Figure 4-36. Data reading and internal registers assignment scheme.

Two cases for color assignment are possible depending on the starting point for the lines calculation, i.e. which line is considered even or odd. For each case the table of color matching can be determined and used for all three colors assignment for each pixel.
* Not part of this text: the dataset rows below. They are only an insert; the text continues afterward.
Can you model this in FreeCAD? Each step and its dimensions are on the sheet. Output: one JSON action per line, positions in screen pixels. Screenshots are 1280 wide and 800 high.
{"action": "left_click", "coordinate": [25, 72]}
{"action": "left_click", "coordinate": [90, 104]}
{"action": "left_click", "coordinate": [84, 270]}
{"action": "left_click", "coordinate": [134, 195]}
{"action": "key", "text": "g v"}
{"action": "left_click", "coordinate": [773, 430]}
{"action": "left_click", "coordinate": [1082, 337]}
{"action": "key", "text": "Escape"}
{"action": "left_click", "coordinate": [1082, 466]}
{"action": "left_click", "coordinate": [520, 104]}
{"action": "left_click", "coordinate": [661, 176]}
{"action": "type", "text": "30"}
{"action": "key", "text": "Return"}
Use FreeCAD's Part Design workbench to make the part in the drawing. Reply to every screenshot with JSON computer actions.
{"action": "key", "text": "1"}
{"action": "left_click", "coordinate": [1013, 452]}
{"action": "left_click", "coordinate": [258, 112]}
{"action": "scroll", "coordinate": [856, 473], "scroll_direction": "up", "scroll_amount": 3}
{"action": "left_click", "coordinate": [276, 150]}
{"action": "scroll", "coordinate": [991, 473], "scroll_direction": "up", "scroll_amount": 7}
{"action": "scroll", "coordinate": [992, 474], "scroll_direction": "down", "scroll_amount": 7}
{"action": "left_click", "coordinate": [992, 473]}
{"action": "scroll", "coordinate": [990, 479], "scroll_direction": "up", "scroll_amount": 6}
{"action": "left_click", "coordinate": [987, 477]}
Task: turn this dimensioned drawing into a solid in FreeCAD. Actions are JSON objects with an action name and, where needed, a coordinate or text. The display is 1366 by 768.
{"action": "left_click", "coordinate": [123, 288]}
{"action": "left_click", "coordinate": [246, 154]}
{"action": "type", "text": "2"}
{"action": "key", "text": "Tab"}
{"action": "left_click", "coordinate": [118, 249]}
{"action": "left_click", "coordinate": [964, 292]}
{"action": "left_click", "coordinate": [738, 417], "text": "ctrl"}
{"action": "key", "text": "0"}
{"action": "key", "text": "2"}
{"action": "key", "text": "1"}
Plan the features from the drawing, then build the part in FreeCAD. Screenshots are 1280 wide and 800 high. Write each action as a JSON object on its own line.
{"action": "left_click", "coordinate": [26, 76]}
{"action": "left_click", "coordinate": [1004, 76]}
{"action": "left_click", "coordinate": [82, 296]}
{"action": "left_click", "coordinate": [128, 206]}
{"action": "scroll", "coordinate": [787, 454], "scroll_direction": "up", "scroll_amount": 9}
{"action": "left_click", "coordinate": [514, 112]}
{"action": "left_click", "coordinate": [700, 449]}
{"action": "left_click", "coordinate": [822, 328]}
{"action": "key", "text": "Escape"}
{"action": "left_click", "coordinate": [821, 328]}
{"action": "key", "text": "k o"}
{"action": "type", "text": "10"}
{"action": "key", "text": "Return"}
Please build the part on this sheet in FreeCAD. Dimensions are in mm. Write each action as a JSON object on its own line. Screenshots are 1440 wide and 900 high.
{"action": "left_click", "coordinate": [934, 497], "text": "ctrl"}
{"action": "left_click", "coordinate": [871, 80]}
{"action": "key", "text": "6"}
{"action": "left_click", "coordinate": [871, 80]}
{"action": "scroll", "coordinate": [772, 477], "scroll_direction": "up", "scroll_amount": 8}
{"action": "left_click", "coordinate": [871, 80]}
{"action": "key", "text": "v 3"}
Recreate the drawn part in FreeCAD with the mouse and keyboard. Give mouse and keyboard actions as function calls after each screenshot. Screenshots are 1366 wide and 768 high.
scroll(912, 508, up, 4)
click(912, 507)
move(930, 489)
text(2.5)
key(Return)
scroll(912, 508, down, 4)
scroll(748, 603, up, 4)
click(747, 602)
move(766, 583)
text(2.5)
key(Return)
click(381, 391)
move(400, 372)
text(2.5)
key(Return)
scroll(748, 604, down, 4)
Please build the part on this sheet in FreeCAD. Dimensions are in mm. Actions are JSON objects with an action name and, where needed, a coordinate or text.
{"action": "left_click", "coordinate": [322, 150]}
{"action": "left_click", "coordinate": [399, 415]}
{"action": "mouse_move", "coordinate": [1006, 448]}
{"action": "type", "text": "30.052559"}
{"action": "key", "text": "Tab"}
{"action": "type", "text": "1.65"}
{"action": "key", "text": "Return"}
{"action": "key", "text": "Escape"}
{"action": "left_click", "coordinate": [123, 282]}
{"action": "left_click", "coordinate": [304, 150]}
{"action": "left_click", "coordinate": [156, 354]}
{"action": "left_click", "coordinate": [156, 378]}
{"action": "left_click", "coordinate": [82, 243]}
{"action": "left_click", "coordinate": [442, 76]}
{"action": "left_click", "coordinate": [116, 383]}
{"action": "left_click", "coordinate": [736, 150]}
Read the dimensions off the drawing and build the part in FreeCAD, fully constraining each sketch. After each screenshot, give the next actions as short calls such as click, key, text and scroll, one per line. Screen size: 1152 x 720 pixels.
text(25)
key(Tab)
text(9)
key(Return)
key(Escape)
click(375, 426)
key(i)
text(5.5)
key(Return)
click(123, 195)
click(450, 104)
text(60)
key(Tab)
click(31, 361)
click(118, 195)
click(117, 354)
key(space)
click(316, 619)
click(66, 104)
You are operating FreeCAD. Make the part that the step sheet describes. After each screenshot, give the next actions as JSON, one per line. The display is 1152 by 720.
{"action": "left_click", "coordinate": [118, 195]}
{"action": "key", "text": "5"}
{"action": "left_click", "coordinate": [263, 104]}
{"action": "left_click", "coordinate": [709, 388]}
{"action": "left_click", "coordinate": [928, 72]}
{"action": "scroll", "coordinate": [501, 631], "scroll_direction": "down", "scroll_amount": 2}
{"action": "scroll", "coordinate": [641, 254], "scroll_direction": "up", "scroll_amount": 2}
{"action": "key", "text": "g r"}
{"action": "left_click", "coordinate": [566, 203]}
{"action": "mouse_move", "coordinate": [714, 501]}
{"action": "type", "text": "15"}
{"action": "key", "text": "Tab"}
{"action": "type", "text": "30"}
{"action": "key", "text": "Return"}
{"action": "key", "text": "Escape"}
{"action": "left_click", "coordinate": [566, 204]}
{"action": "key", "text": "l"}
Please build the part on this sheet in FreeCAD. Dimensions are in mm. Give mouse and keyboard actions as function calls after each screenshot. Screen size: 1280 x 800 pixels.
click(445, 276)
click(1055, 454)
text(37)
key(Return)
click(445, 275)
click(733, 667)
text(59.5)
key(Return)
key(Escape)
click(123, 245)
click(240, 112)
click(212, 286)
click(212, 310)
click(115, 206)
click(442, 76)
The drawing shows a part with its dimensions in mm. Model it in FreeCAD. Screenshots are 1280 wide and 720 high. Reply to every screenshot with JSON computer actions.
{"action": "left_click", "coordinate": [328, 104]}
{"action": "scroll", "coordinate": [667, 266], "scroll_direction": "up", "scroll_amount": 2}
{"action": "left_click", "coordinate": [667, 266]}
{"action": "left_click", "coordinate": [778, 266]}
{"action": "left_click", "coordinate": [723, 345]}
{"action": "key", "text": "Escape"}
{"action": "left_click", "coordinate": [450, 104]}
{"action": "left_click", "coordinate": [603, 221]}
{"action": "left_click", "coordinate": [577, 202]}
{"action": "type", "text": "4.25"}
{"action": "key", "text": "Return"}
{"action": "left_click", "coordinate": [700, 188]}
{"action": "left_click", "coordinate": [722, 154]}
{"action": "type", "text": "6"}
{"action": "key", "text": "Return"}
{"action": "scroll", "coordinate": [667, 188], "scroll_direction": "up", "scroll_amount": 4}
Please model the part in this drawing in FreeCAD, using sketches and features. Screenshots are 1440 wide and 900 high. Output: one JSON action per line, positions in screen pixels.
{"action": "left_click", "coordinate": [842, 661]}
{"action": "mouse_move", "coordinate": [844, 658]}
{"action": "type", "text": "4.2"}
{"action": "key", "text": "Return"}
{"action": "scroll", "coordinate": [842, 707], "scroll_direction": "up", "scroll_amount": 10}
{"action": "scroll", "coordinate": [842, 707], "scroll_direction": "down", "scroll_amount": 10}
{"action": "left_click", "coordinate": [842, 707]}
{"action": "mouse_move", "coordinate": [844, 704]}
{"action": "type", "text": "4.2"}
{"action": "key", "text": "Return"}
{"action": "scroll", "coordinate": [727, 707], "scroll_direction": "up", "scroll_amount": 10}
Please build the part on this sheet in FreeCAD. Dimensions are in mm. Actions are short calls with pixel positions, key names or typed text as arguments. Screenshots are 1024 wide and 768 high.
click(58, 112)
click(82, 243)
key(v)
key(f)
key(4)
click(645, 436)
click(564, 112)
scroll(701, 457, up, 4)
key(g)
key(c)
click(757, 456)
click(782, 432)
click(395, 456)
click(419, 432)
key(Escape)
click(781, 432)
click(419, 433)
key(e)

Figure 4-37 illustrates this scheme.

Left side of Figure 4-37 corresponds to the case when the line 0 (and all other even lines) begins with Green pixel, its right side corresponds to the case when the line 0 (and all other even lines) begins with Red pixel. On the right side of these figures the tables of colors assignment are presented. One of the tables must be used for both channels in the design.



Figure 4-37. Color assignment scheme

Figure 4-38 illustrates the multiplexer-based implementation of the presented colors assignment algorithm.



Figure 4-38. Implementation of the multiplexer-based color assignment algorithm.



Figure 4-39 represents the timing diagrams for the VGA\_DATA IP core.

Figure 4-39. VGA\_DATA IP core: timing diagram.

G1\_18R1\_18B1\_1

DATA\_VGA[23:0]

# 4.3.3. Visualization Output Module (VOM)

The block diagram of the VOM is presented in Figure 4-40. The VOM is built on the base of the Xilinx XC95144XL CPLD. It extracts each channel digital RGB data coming from the VPM through the LVDS buffer. It also distributes RGB data to two TI THS8134B DAC chips which drive two VGA outputs.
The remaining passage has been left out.